From: "Michael S. Tsirkin" <mst@redhat.com>
To: Jason Wang <jasowang@redhat.com>
Cc: Michael Dalton <mwdalton@google.com>,
netdev@vger.kernel.org, Daniel Borkmann <dborkman@redhat.com>,
virtualization@lists.linux-foundation.org,
Eric Dumazet <edumazet@google.com>,
"David S. Miller" <davem@davemloft.net>
Subject: Re: [PATCH net-next 4/4] virtio-net: auto-tune mergeable rx buffer size for improved performance
Date: Wed, 13 Nov 2013 19:42:45 +0200 [thread overview]
Message-ID: <20131113174245.GB31078@redhat.com> (raw)

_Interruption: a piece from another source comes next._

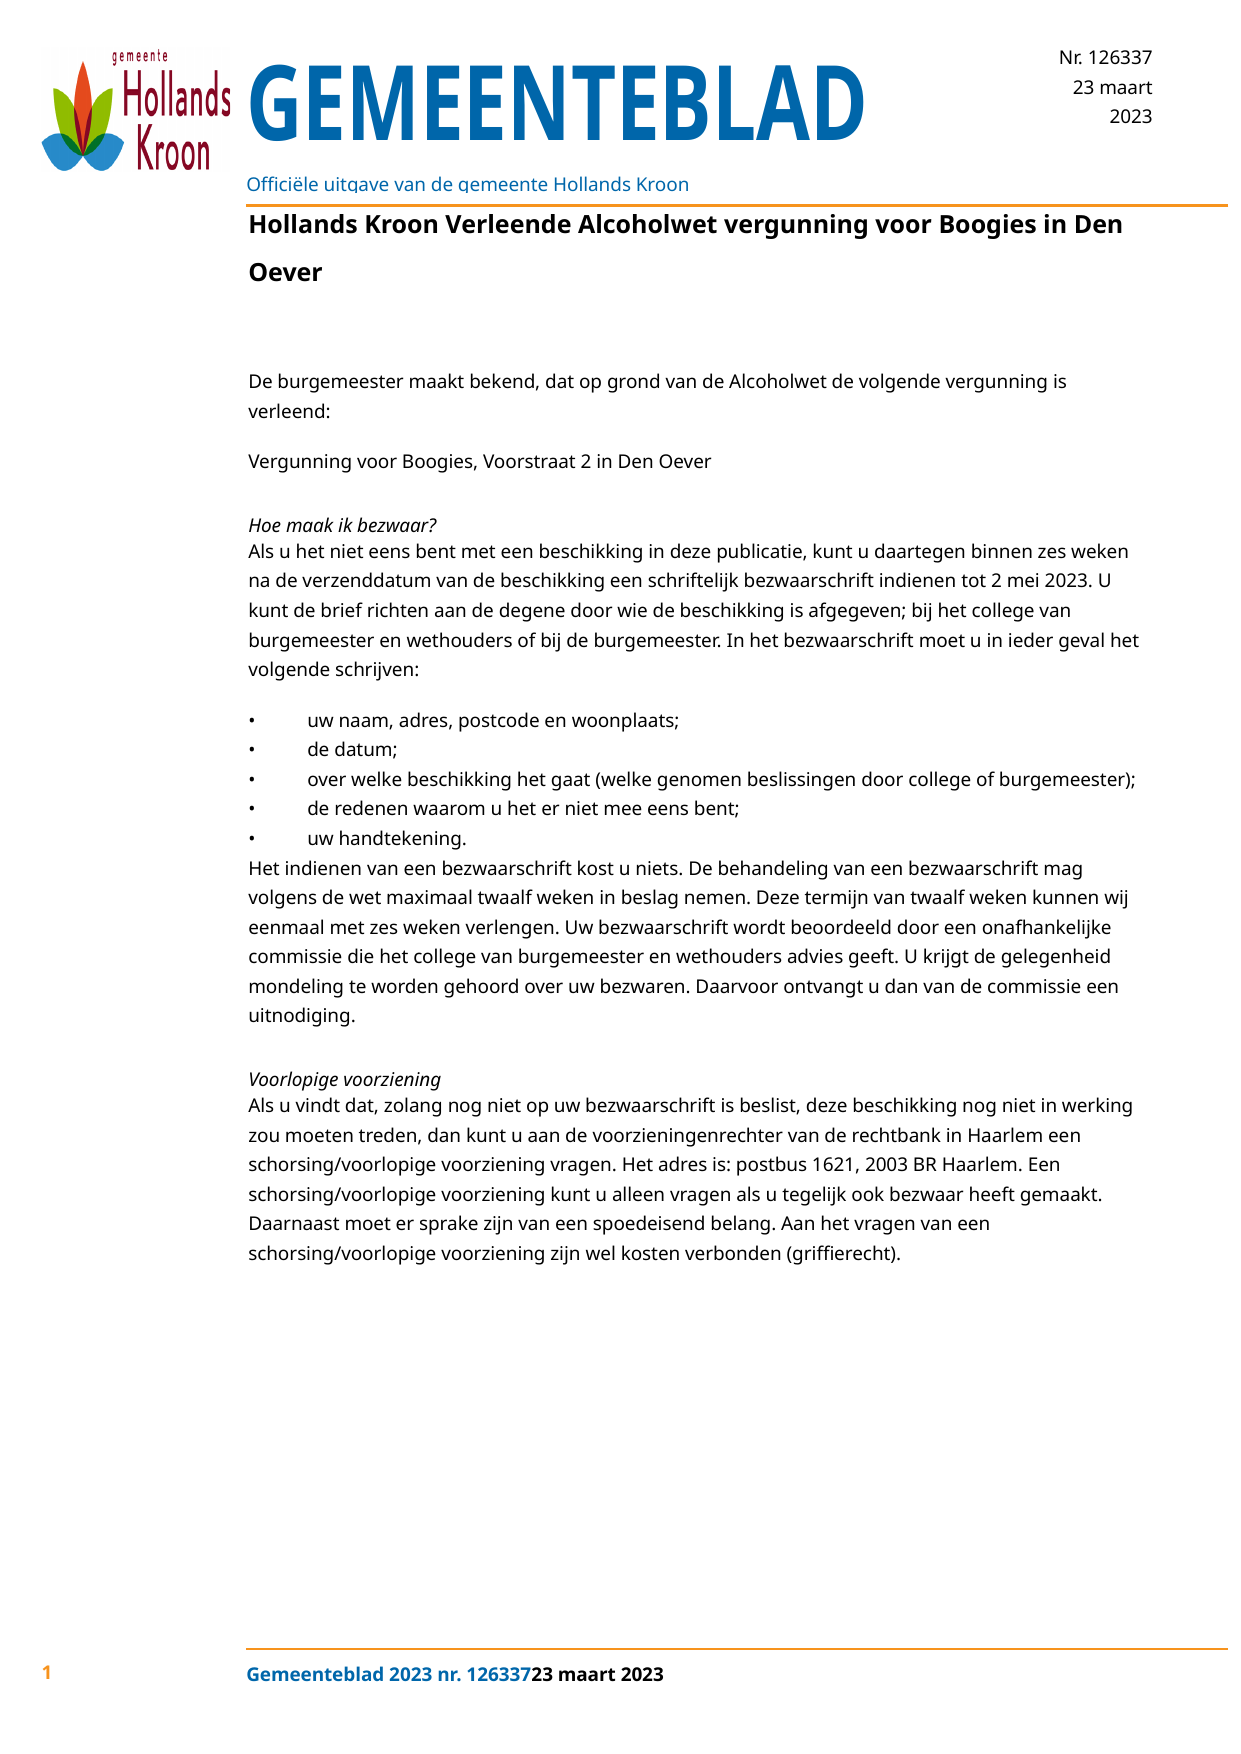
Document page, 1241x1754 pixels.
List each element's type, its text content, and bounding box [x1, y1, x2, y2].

In-Reply-To: <528325DC.3050801@redhat.com>
On Wed, Nov 13, 2013 at 03:10:20PM +0800, Jason Wang wrote:
> On 11/13/2013 06:21 AM, Michael Dalton wrote:
> > Commit 2613af0ed18a ("virtio_net: migrate mergeable rx buffers to page frag
> > allocators") changed the mergeable receive buffer size from PAGE_SIZE to
> > MTU-size, introducing a single-stream regression for benchmarks with large
> > average packet size. There is no single optimal buffer size for all workloads.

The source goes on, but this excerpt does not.